What to do:
Transcribe, word for word and without additions, each line below from the one containing "Numbers: x, y, z, sx, sy, sz, roll, pitch, yaw." through the one containing "globe: x=-0.208 y=-0.253", both ends included.

The data:

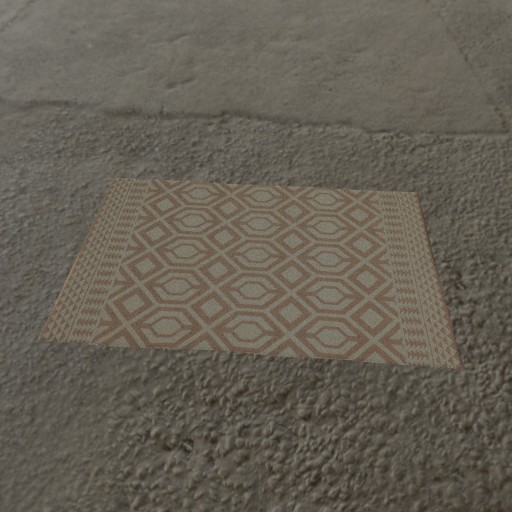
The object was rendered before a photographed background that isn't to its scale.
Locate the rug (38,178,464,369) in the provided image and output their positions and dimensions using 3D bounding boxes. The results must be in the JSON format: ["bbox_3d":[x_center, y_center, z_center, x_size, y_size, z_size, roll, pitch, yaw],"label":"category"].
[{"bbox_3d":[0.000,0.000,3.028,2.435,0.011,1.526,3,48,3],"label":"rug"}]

---

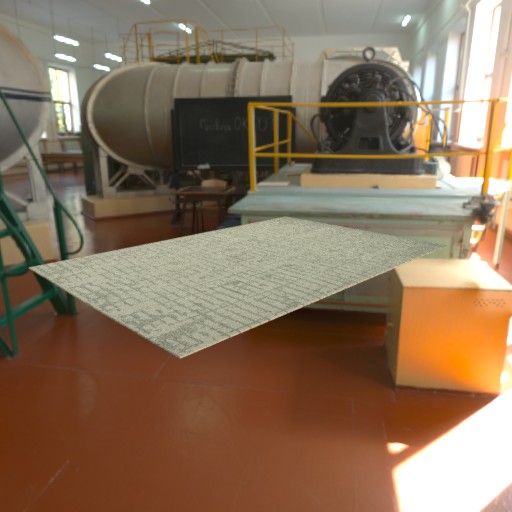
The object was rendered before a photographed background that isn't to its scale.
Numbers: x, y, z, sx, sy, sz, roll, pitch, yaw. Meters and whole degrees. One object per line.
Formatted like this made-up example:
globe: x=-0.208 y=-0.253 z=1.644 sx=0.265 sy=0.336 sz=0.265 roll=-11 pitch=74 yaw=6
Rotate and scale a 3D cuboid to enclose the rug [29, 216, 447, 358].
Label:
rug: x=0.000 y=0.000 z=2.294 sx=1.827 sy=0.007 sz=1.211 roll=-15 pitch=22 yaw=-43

Output:
Numbers: x, y, z, sx, sy, sz, roll, pitch, yaw. Meters and whole degrees. One object per line.
Formatted like this made-up example:
globe: x=-0.208 y=-0.253 z=1.644 sx=0.265 sy=0.336 sz=0.265 roll=-11 pitch=74 yaw=6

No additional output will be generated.